A friend forwarded me the story below from the current William Way Community Center newsletter. I just love it:
THIS MONTH IN LGBT HISTORY: 1968 POLICE RAIDS ON RUSTY’S
This month, we honor Women’s History Month while also remembering a key moment in LGBT history.On the south side of Walnut St., opposite the Forrest Theatre is Moriarty’s Irish Pub and Restaurant. Around the corner, through the side door on Quince and up a flight of stairs is what was “Rusty’s,” the most popular lesbian bar in Philadelphia in the ‘50s,‘60s and early ‘70s. Although back then the sign on Walnut St. identified the bar as “Barone’s Variety Room,” women in the city knew it as “Rusty’s,” after Rusty Parisi, the tough, butch, no-nonsense lesbian manager.
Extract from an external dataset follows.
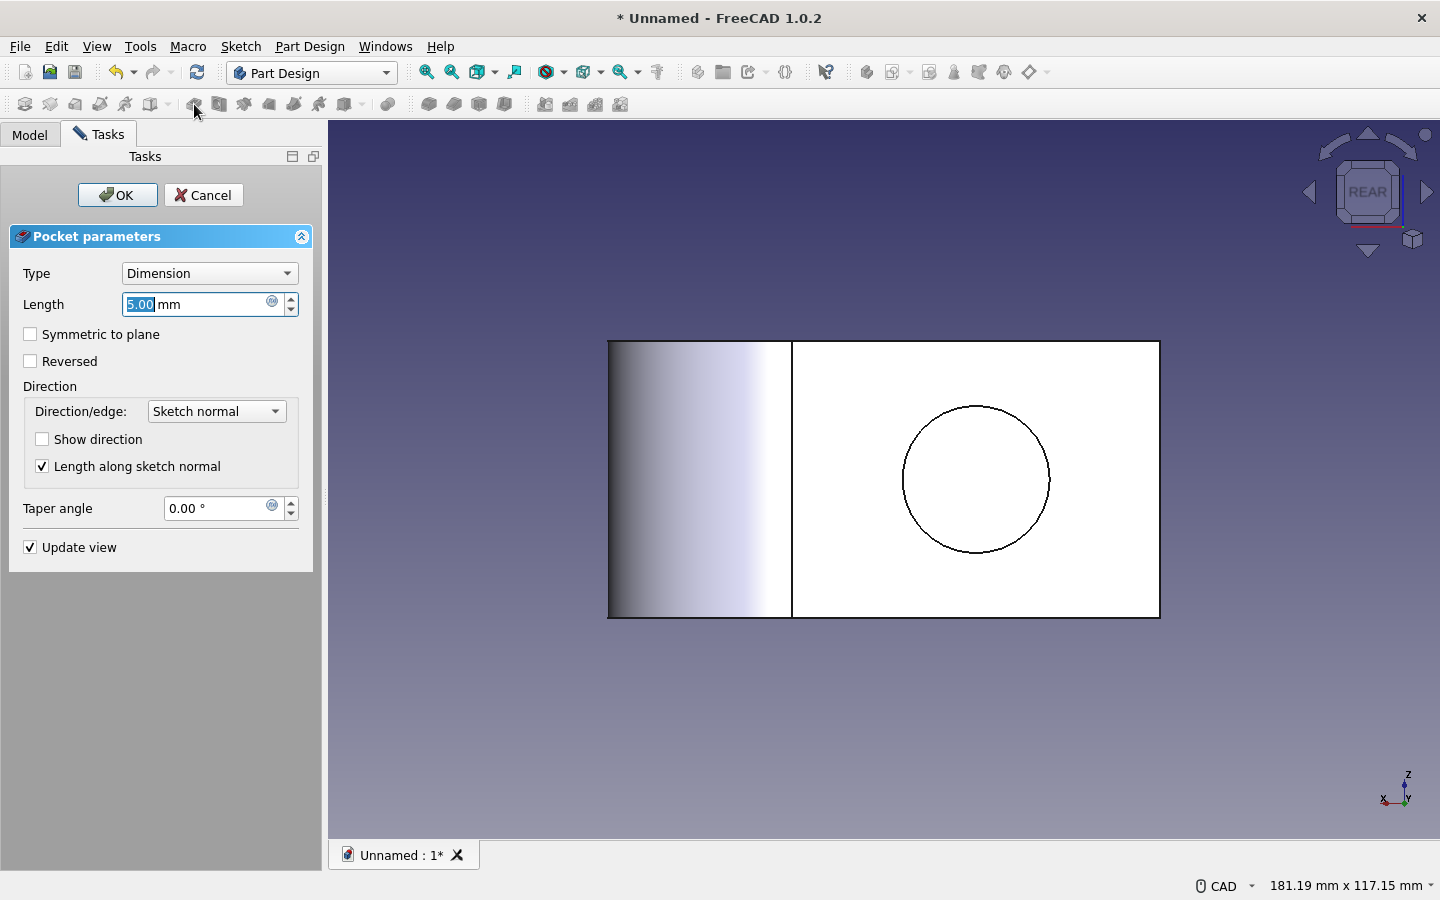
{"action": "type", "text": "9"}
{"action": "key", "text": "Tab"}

On the night of March 8, 1968, Rusty’s suddenly found the jukebox unplugged and the house lights brought up. It was a police raid, an all too common occurrence for gay and lesbian bars under then Police Commissioner Rizzo. Many of the women were verbally abused; police accused them of being drunk and disorderly. Some were booked and held overnight, then brought before a magistrate the next day, but all charges were dropped. It was a clear-cut case of harassment.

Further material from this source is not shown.